A subtle error: using System.IO.Path in a HTTP context

June 15, 2013

Sitecore

Here’s a fun little issue that you might eventually run across. Suppose you’re writing some code that needs to retrieve the extension from a URL. For example, a URL rewriter or Sitecore pipeline that acts only on certain file types.

You might think, as I would have, “oh, that’s built in to .NET - we’ll just use System.IO.Path.GetExtension()!”

And that would work, almost all of the time. The only issue comes from an internal implementation detail of IO.Path: it checks that the path does not contain characters that are invalid in a filesystem path. Specifically, “, <, >, |, and ASCII unprintables (< 32). Well, those characters (except perhaps the unprintables) are valid in a URL - so trying to get the extension of a URL path containing these characters will throw a nice fat exception:

System.ArgumentException: Illegal characters in path.
   at System.IO.Path.CheckInvalidPathChars(String path)
   at System.IO.Path.GetExtension(String path)

Unfortunately there is no way to disable this behavior - which is logical, given the purpose of IO.Path as a processor for file system paths, not URLs. Not even first parsing the URL using the System.Uri class will fix this, as this StackOverflow question suggests. The LocalPath property still includes the invalid characters that break Path.GetFileName() or Path.GetExtension().

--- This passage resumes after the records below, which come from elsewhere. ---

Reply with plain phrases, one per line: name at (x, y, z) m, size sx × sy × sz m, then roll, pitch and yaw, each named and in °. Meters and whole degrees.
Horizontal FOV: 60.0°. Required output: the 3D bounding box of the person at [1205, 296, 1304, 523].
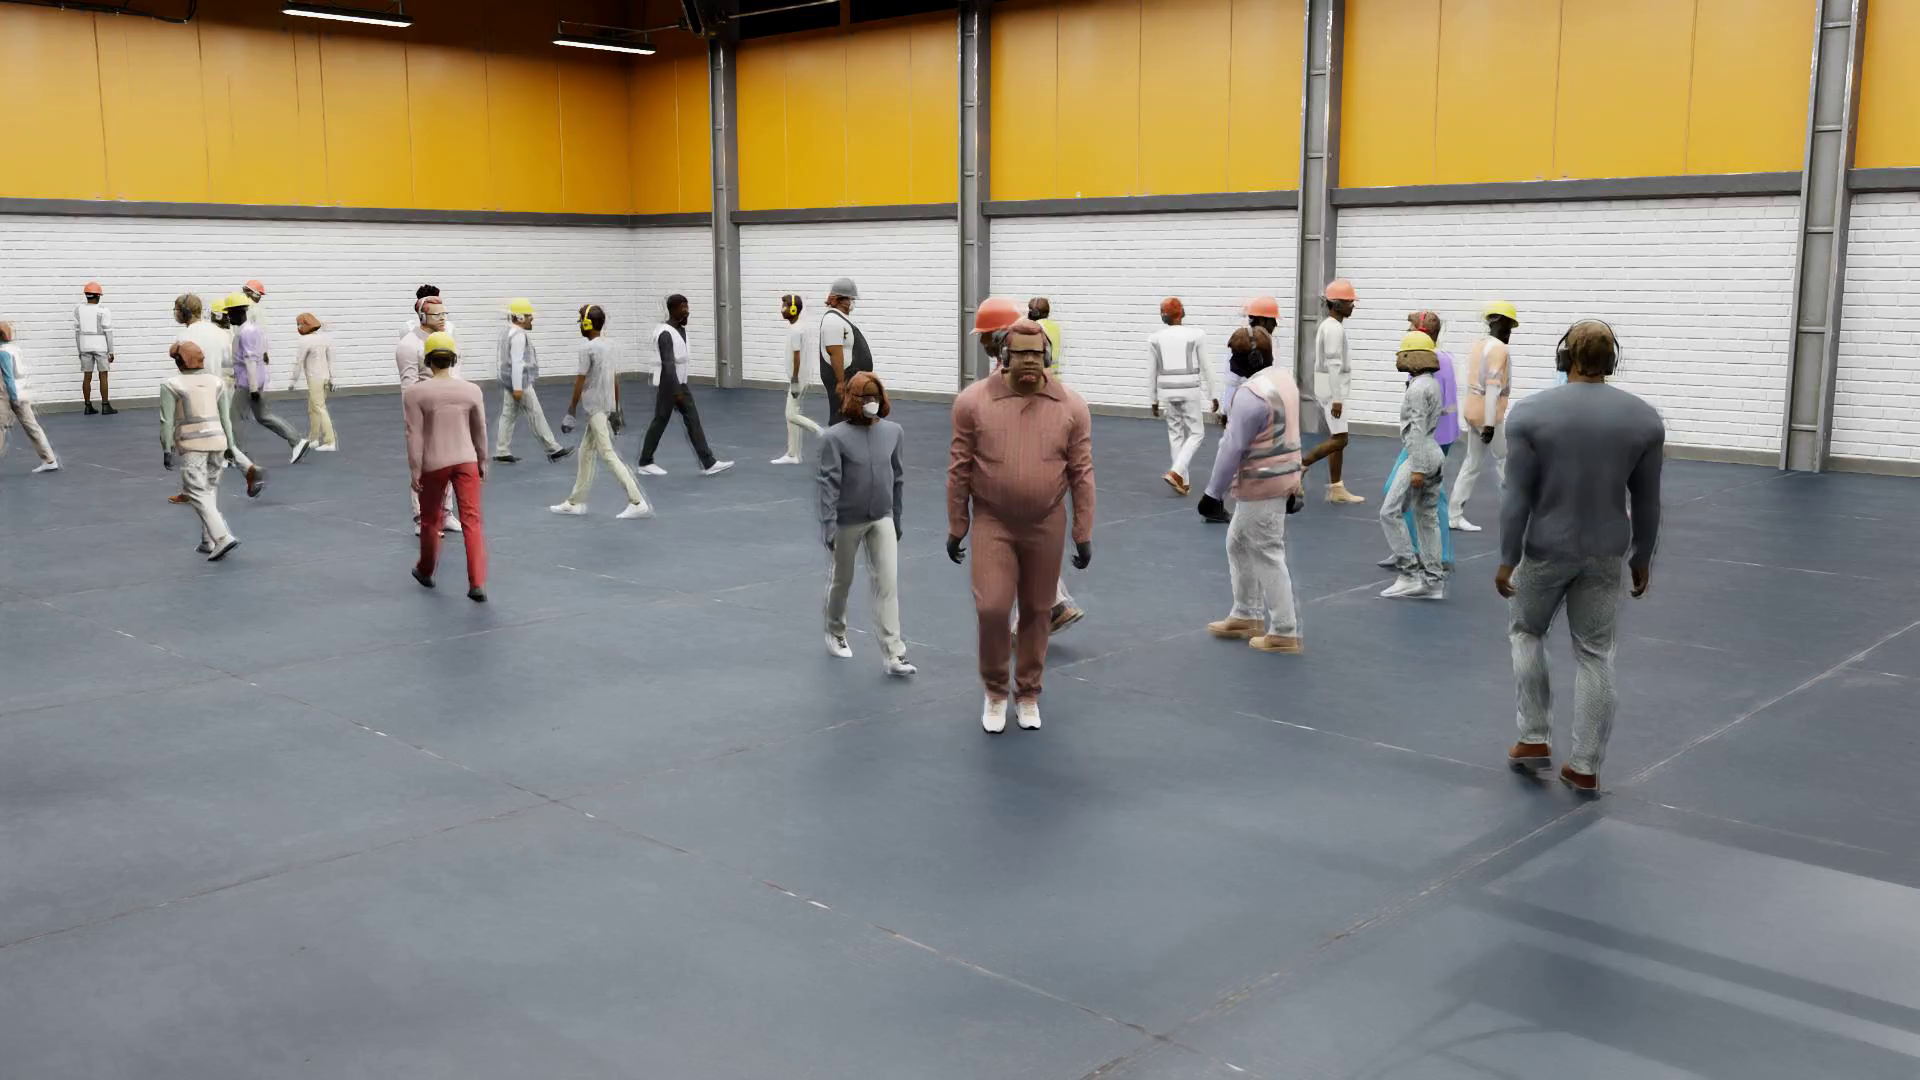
person at (2.485, -1.073, 13.857) m, size 0.945 × 1.887 × 0.601 m, roll 0°, pitch 9°, yaw -3°

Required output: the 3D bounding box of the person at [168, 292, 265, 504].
person at (-6.757, -1.264, 14.957) m, size 0.765 × 1.916 × 0.636 m, roll 1°, pitch 9°, yaw 6°

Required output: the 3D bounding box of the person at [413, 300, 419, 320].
person at (-7.662, -2.602, 23.818) m, size 0.538 × 1.696 × 0.317 m, roll 2°, pitch 10°, yaw 14°

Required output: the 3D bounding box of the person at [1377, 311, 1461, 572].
person at (3.189, -0.683, 11.652) m, size 0.617 × 1.821 × 0.609 m, roll 6°, pitch 11°, yaw 32°

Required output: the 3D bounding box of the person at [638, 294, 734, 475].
person at (-2.873, -1.575, 17.008) m, size 1.022 × 1.859 × 0.617 m, roll 2°, pitch 9°, yaw 12°

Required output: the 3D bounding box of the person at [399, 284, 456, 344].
person at (-5.255, -1.552, 16.557) m, size 0.367 × 1.966 × 0.607 m, roll 8°, pitch 12°, yaw 41°

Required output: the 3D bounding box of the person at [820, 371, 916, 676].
person at (-0.514, -0.101, 8.816) m, size 0.521 × 1.583 × 0.873 m, roll -5°, pitch 10°, yaw -27°

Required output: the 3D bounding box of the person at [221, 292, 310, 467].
person at (-7.557, -1.720, 17.854) m, size 0.915 × 1.889 × 0.579 m, roll -3°, pitch 10°, yaw -16°

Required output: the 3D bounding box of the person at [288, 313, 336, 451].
person at (-7.586, -1.836, 19.383) m, size 0.666 × 1.607 × 0.503 m, roll 2°, pitch 9°, yaw 9°

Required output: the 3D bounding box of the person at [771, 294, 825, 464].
person at (-1.705, -1.731, 18.005) m, size 0.639 × 1.858 × 0.519 m, roll -1°, pitch 9°, yaw -3°

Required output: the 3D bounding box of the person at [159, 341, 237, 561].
person at (-5.528, -0.654, 12.190) m, size 0.685 × 1.608 × 0.529 m, roll 6°, pitch 11°, yaw 32°

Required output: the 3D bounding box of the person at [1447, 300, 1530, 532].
person at (4.345, -0.981, 13.383) m, size 0.910 × 1.857 × 0.671 m, roll 0°, pitch 9°, yaw -2°

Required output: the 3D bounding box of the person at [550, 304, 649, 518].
person at (-3.087, -1.085, 14.172) m, size 0.965 × 1.826 × 0.538 m, roll 2°, pitch 9°, yaw 13°

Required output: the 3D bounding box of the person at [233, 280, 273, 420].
person at (-10.032, -2.671, 23.418) m, size 0.752 × 1.967 × 0.576 m, roll 5°, pitch 11°, yaw 29°

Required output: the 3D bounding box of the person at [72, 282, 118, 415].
person at (-12.595, -2.786, 24.242) m, size 0.542 × 1.929 × 0.380 m, roll 0°, pitch 9°, yaw -2°

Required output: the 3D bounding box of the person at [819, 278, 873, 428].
person at (-1.152, -1.643, 16.888) m, size 0.537 × 2.000 × 0.679 m, roll 0°, pitch 9°, yaw -2°

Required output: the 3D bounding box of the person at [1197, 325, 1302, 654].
person at (1.591, -0.277, 9.217) m, size 0.715 × 1.807 × 0.641 m, roll 4°, pitch 10°, yaw 26°

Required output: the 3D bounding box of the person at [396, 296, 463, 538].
person at (-4.150, -0.976, 13.205) m, size 0.407 × 1.906 × 0.654 m, roll 3°, pitch 10°, yaw 19°

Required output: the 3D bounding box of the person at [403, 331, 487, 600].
person at (-3.330, -0.488, 10.808) m, size 0.545 × 1.714 × 0.931 m, roll -6°, pitch 11°, yaw -32°

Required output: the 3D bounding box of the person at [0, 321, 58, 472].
person at (-9.819, -1.461, 17.146) m, size 0.874 × 1.588 × 0.535 m, roll -3°, pitch 10°, yaw -20°

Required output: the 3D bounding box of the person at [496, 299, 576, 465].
person at (-4.652, -1.708, 18.031) m, size 0.890 × 1.788 × 0.626 m, roll -4°, pitch 10°, yaw -25°

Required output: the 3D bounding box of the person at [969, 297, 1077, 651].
person at (0.296, -0.348, 9.163) m, size 0.503 × 1.965 × 0.611 m, roll 3°, pitch 10°, yaw 18°

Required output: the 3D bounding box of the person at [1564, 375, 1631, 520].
person at (5.193, -0.964, 13.929) m, size 0.894 × 1.647 × 0.531 m, roll 1°, pitch 9°, yaw 4°

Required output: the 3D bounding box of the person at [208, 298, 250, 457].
person at (-8.323, -1.790, 18.539) m, size 0.605 × 1.798 × 0.636 m, roll -1°, pitch 9°, yaw -7°

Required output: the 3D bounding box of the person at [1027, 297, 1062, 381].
person at (0.885, -1.688, 17.827) m, size 0.539 × 1.824 × 0.643 m, roll 5°, pitch 11°, yaw 30°

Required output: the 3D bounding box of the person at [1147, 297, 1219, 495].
person at (2.055, -1.325, 15.504) m, size 0.665 × 1.857 × 0.568 m, roll 4°, pitch 10°, yaw 24°

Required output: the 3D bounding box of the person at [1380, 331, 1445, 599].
person at (2.919, -0.476, 10.691) m, size 0.520 × 1.714 × 0.513 m, roll 4°, pitch 10°, yaw 26°

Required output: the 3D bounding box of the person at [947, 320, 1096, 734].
person at (0.286, -0.048, 7.559) m, size 0.677 × 1.887 × 0.529 m, roll -1°, pitch 9°, yaw -5°

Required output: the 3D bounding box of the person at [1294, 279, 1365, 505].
person at (3.290, -1.310, 14.879) m, size 0.663 × 2.031 × 0.623 m, roll 2°, pitch 9°, yaw 10°

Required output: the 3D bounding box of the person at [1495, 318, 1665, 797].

There are a couple of ways I could see solving this problem. The first, and simplest - though possibly prone to security issues, would be to replicate what Path.GetExtension() does but omitting the invalid characters check. Reference:

int length = path.Length;
for (int i = length; --i >= 0; )
{
    char ch = path[i];
    if (ch == '.')
    {
        if (i != length - 1)
            return path.Substring(i, length - i);
        else
            return String.Empty;
    }
    if (ch == DirectorySeparatorChar || ch == AltDirectorySeparatorChar || ch == VolumeSeparatorChar)
        break;
}
return String.Empty;

The second would be to remove any invalid characters prior to calling Path.GetExtension():

string url = "\"http://mo\"nkeys/foo/bar/\"";
            
var invalidChars = Path.GetInvalidPathChars().ToHashSet();
for (int i = url.Length - 1; i >= 0; i--)
{
    // technically you could use a stringbuilder, but since 99% of the time this won't ever be used, this seems optimized enough
    if (invalidChars.Contains(url[i])) url = url.Remove(i, 1);
}

var ext = Path.GetExtension(url);

Personally I like the second solution, since you’d benefit from any upstream fixes in Path.GetExtension() in future framework releases.